HIGH COURT OF NAMIBIA MAIN DIVISION, WINDHOEK

JUDGMENT ON REVIEW

Case No. CR 33/2015

In the matter between:

THE STATE

and

DAWID SKRYWERACCUSED

(HIGH COURT MAIN DIVISION REVIEW REF NO. 1557/2015)

Neutral citation:S v Skrywer (CR 33-2015) [2015] NAHCMD 258 (30 October 2015)

CORAM: UNENGU, AJ. etMASUKU, AJ.

Delivered: 30 October 2015

Flynote:CRIMINAL PROCEDURE – Provisions of s 112 (1) (a) and s 112 (1) (b) and when they apply reexamined. CRIMINAL LAW – contravention of Part I of the Schedule to sections of Act 41 of 1971.

Summary:The accused was charged with illegal possession of habit-forming substance. He pleaded guilty and was convicted on his own plea in terms of s 112 (1) (a) and was sentenced to custodial sentence without the option of a fine. Held the magistrate erred in applying the aforesaid provision. Held prosecutor has a duty to assist the court in deciding whether to apply s 112 (1) (a) or (b). Held further that contravention of Act 41 of 1971 dealing with dependence-producing drug or plant is a serious offence and trial magistrates are advised to invariably apply s 112 (1) (b) regardless of weight of substance alleged to have been in accused’s possession. Conviction and sentence set aside and matter remitted to be tried by another magistrate.

ORDER

  1. The conviction and sentence of the accused in terms of s 112 (1) (a) is set aside.
  2. The matter is remitted for trial before another Magistrate of co-ordinate jurisdiction.
  3. The period the accused has spent in custody is to be taken into account in any sentence the trial court may impose on the fresh trial.

JUDGMENT ON REVIEW

MASUKU, AJ.

[1]This matter serves before me on special review. The accompanying letter dated 1 October 2015 states that the trial magistrate erred in invoking the provisions of s 112 (1) (a) of the Criminal Procedure Act[1] (the ‘Act’), instead of the provisions of s 112 (1) (b of the Act. The matter is thus before me for directions as to the future conduct in view of the concession, which I fully share that the incorrect provision was applied.

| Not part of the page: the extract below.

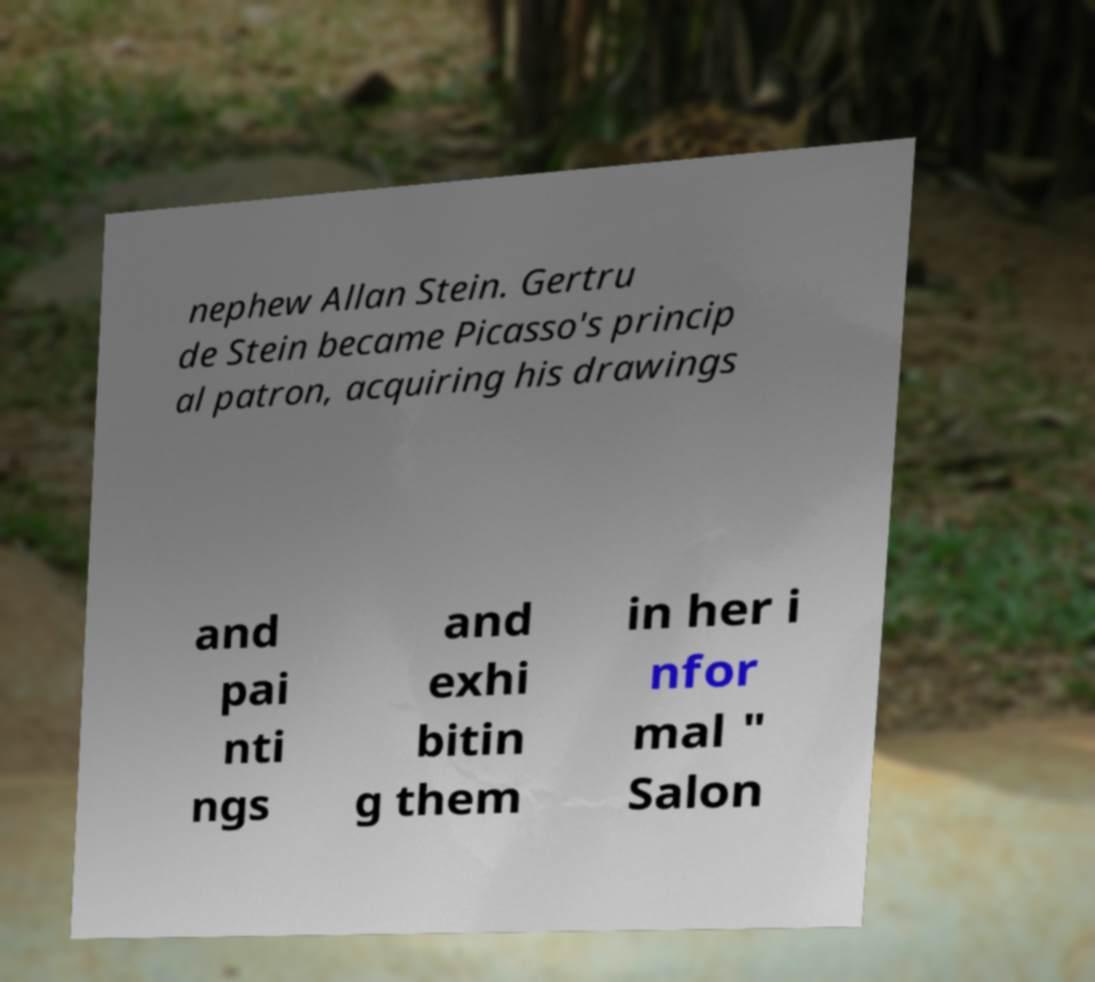Can you accurately transcribe the text from the provided image for me? nephew Allan Stein. Gertru de Stein became Picasso's princip al patron, acquiring his drawings and pai nti ngs and exhi bitin g them in her i nfor mal " Salon

[2]In order to appreciate the reasons why I concur that the learned Magistrate invoked the wrong section, it is necessary to briefly sketch the facts giving rise to the present imbroglio. I do so presently.

[3]The accused was arraigned before the Mariental Magistrate’s Court charged with a single count of contravening the provisions of s 1, 2 (i) and/or 2 (iv), 7, 8, 10, 14 and Part I of the Schedule of Act 41 of 1971, as amended. It was alleged that the said accused was found in possession of or for his use, a prohibited dependence-producing drug or a plant from which such a drug can be manufactured, to wit 65 grams of cannabis valued at N$325, 00. This is alleged to have taken place on 29 August 2015 in Schlip.

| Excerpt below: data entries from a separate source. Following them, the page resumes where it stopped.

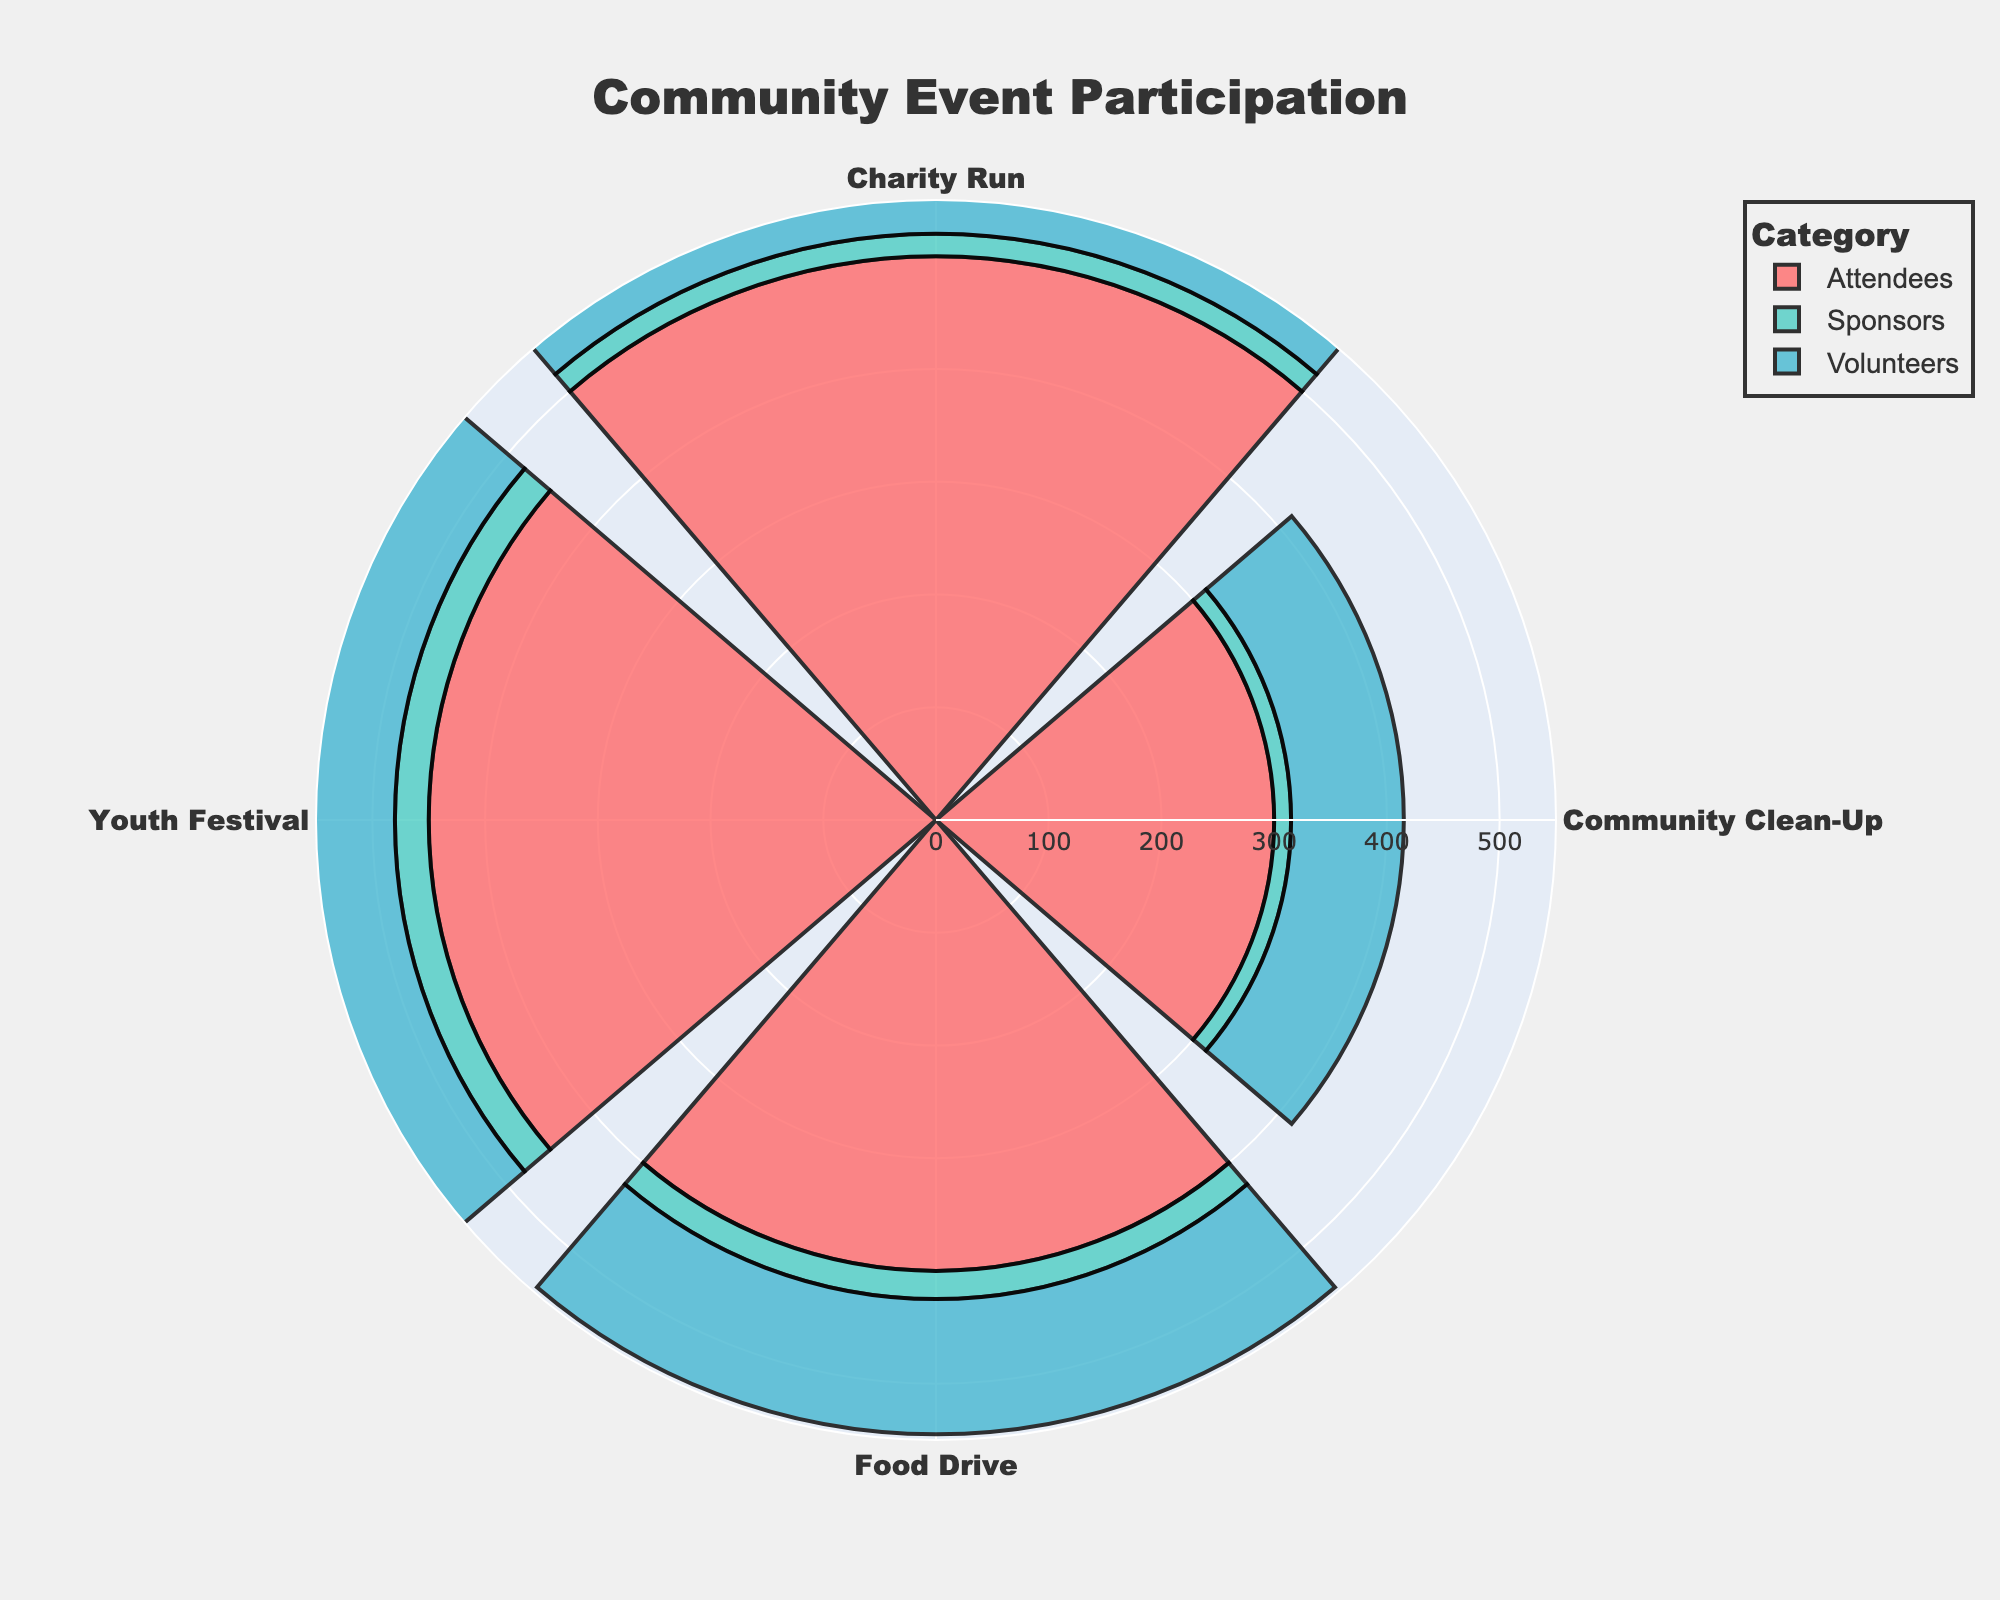What's the title of the figure? The title is displayed at the top center of the figure, indicating the overall theme or focus. Here the title is "Community Event Participation".
Answer: Community Event Participation How many engagement categories are shown in the rose chart? The rose chart includes a legend that displays the different engagement categories. By counting the items in the legend, we can determine there are three categories.
Answer: 3 Which event had the most attendees? Look at the segments corresponding to the "Attendees" category and compare their lengths. The longest segment indicates the event with the most attendees.
Answer: Charity Run How many total volunteers participated across all events? Add the volunteer counts for each event: 150 (Charity Run) + 100 (Community Clean-Up) + 120 (Food Drive) + 130 (Youth Festival).
Answer: 500 Which category has the lowest participation overall? Sum the counts for each category and compare them. Volunteers: 500, Attendees: 1650, Sponsors: 90. Sponsors have the lowest total participation.
Answer: Sponsors What is the difference in the number of attendees between the Charity Run and Community Clean-Up? Subtract the number of attendees for Community Clean-Up (300) from the number for Charity Run (500).
Answer: 200 Do any events have equal numbers of sponsors? Compare the sponsor counts for each event: Charity Run (20), Community Clean-Up (15), Food Drive (25), Youth Festival (30). None have equal numbers.
Answer: No Which event shows the highest total engagement (sum of all categories)? Sum the counts for each event: Charity Run (670), Community Clean-Up (415), Food Drive (545), Youth Festival (610). The Charity Run has the highest total engagement.
Answer: Charity Run

[4]When called upon to plead, the accused pleaded guilty and he was dealt with in termsof the provisions of s 112 (1) (a) i.e. on the basis of his own guilty plea. He was, after mitigation, sentenced to 18 months imprisonment, six of which were suspended for a period of 5 years on condition that he is not, within the period of suspension found guilty of possessing dependence producing drugs.

[5]After conviction, it came to light that the accused had a formidable series of previous convictions which were relevant to the offence of which he had recently been convicted. In particular, it was found that the accused had seven previous convictions for possession of drugs which included possession of mandrax and cannabis. Other convictions included assault and stock theft. None of these previous convictions were denied and these were for that reason accepted as such and were not proved.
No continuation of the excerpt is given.